= Elema Refugee Settlement =

Ugandan refugee camp

The Elema Refugee Settlement is a refugee settlement in Adjumani district, westnile sub-region of Uganda. Elema was established in 1992 and stands to be the oldest refugee settlement out of the total of nine settlement in Adjumani district. The settlement is composed entirely of refugees from the Kuku tribe of South Sudan. The Kuku speak a Bari dialect, also called Kuku. They are chiefly a farming people relying on mixed farming. Following a UNHCR-led repatriation of South Sudanese refugees in 2008 from Uganda, the Kuku ethnic group in Elema declined to be repatriated.

==Population==
Elema has a total population of 876 registered refugees. With 170,029 nationals and 236,034 refugees in Adjumani District, refugees in Elema account for 0.2% of the district's population.

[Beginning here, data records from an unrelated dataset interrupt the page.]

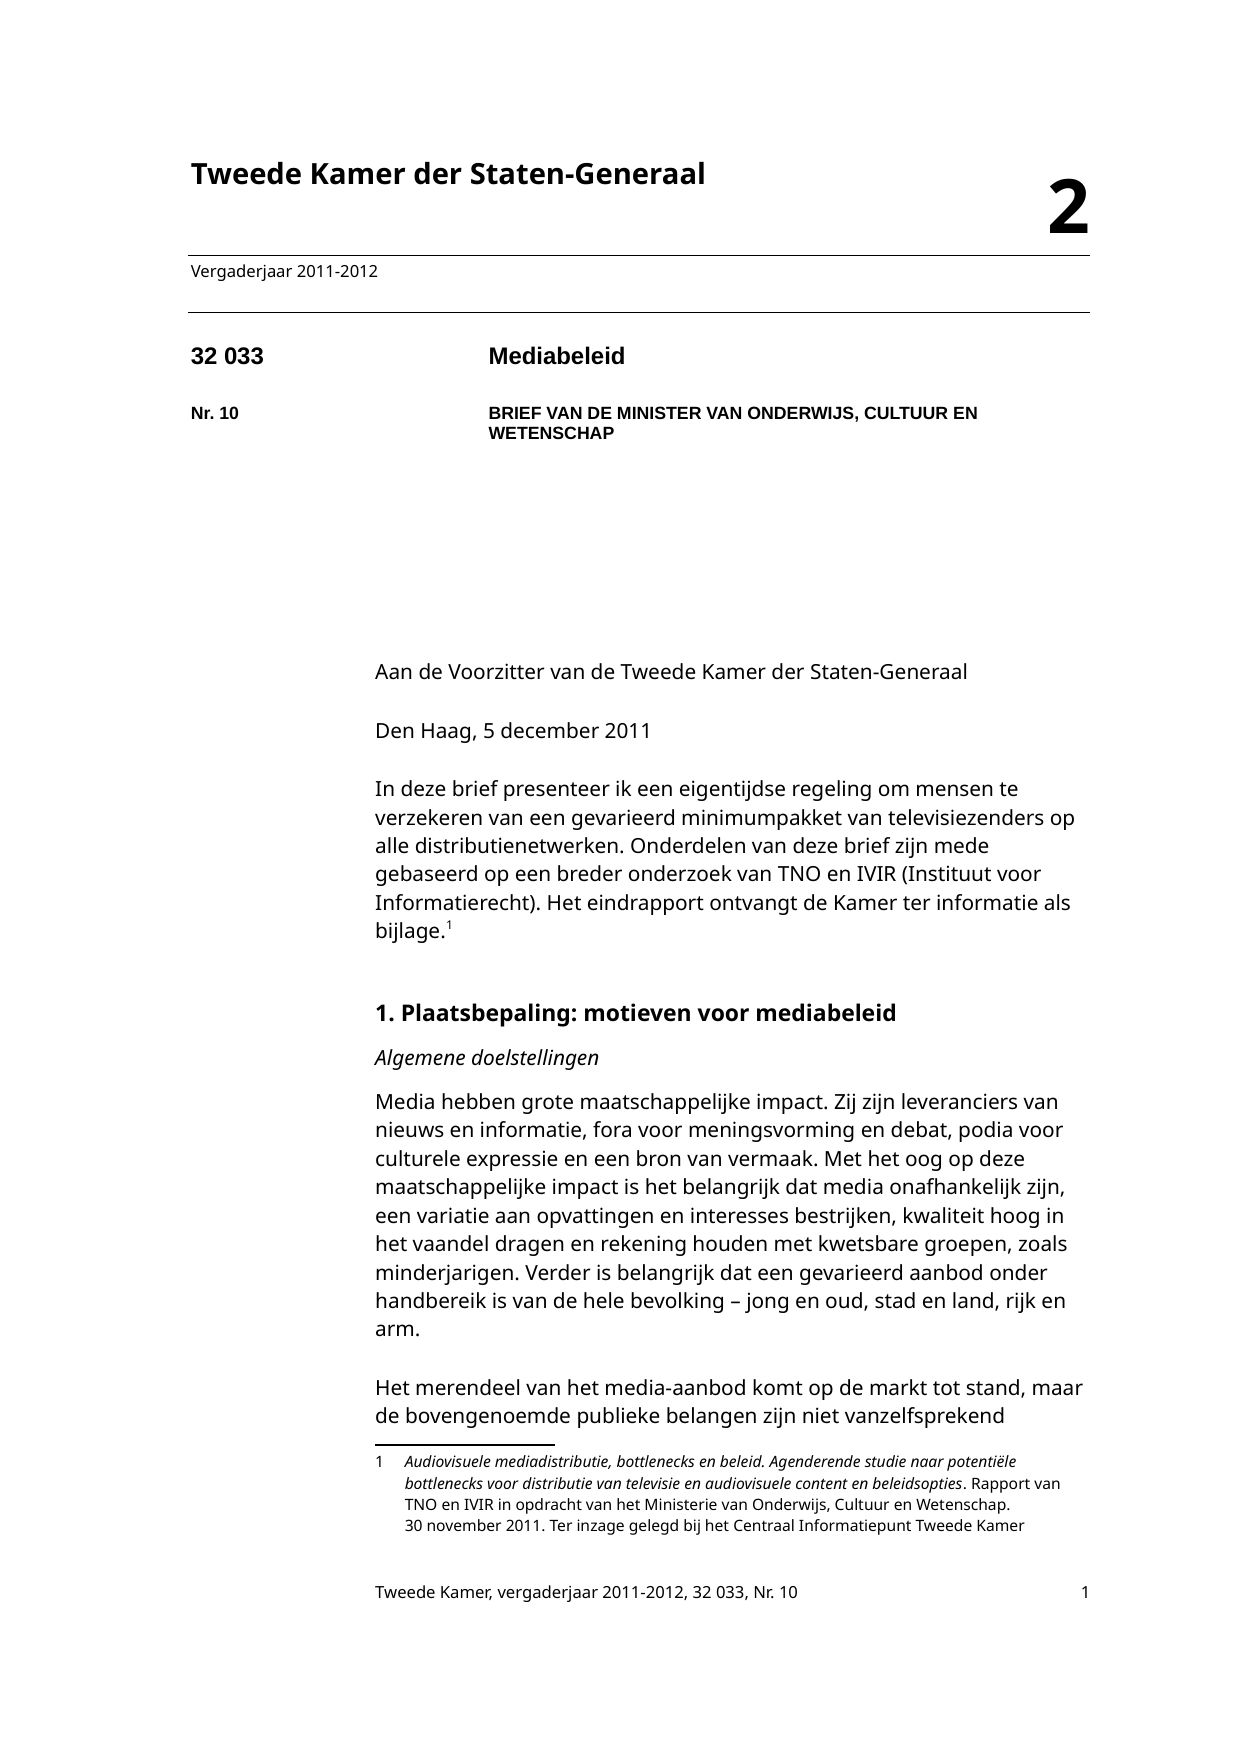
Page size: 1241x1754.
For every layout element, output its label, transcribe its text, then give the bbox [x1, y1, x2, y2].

text Audiovisuele mediadistributie, bottlenecks en beleid. Agenderende studie naar potentiële bottlenecks voor distributie van televisie en audiovisuele content en beleidsopties. Rapport van TNO en IVIR in opdracht van het Ministerie van Onderwijs, Cultuur en Wetenschap. 30 november 2011. Ter inzage gelegd bij het Centraal Informatiepunt Tweede Kamer [375, 1394, 1090, 1536]
text Aan de Voorzitter van de Tweede Kamer der Staten-Generaal [375, 657, 1090, 686]
text In deze brief presenteer ik een eigentijdse regeling om mensen te verzekeren van een gevarieerd minimumpakket van televisiezenders op alle distributienetwerken. Onderdelen van deze brief zijn mede gebaseerd op een breder onderzoek van TNO en IVIR (Instituut voor Informatierecht). Het eindrapport ontvangt de Kamer ter informatie als bijlage. [375, 774, 1090, 945]
table_cell Mediabeleid [485, 339, 1090, 399]
table_cell Nr. 10 [188, 399, 485, 539]
text Algemene doelstellingen [375, 1043, 1090, 1072]
table_header Tweede Kamer der Staten-Generaal [188, 150, 909, 255]
table_cell [485, 313, 1090, 339]
subtitle 1. Plaatsbepaling: motieven voor mediabeleid [375, 997, 1090, 1028]
table_cell Vergaderjaar 2011-2012 [188, 256, 485, 312]
text Den Haag, 5 december 2011 [375, 716, 1090, 744]
table_cell 32 033 [188, 339, 485, 399]
text Media hebben grote maatschappelijke impact. Zij zijn leveranciers van nieuws en informatie, fora voor meningsvorming en debat, podia voor culturele expressie en een bron van vermaak. Met het oog op deze maatschappelijke impact is het belangrijk dat media onafhankelijk zijn, een variatie aan opvattingen en interesses bestrijken, kwaliteit hoog in het vaandel dragen en rekening houden met kwetsbare groepen, zoals minderjarigen. Verder is belangrijk dat een gevarieerd aanbod onder handbereik is van de hele bevolking – jong en oud, stad en land, rijk en arm. [375, 1087, 1090, 1343]
table_cell BRIEF VAN DE MINISTER VAN ONDERWIJS, CULTUUR EN WETENSCHAP [485, 399, 1090, 539]
table_header 2 [910, 150, 1090, 255]
table_cell [485, 256, 1090, 312]
table_cell [188, 313, 485, 339]

==Relationship with host community==
They have as a community settled and integrated well with the mainly Madi people in the host community. Intermarriages are common between the two communities and there has been a harmonious sharing of natural resources such as land.

==Challenges==
Elema has only one health centre, that is shared with Barutuku, which makes it very difficult for the refugees at Elema to access adequate medical treatment. There are only two operational hand pumps serving the whole settlement. This has over time created queues thus leading to long waiting time and tension among the refugees.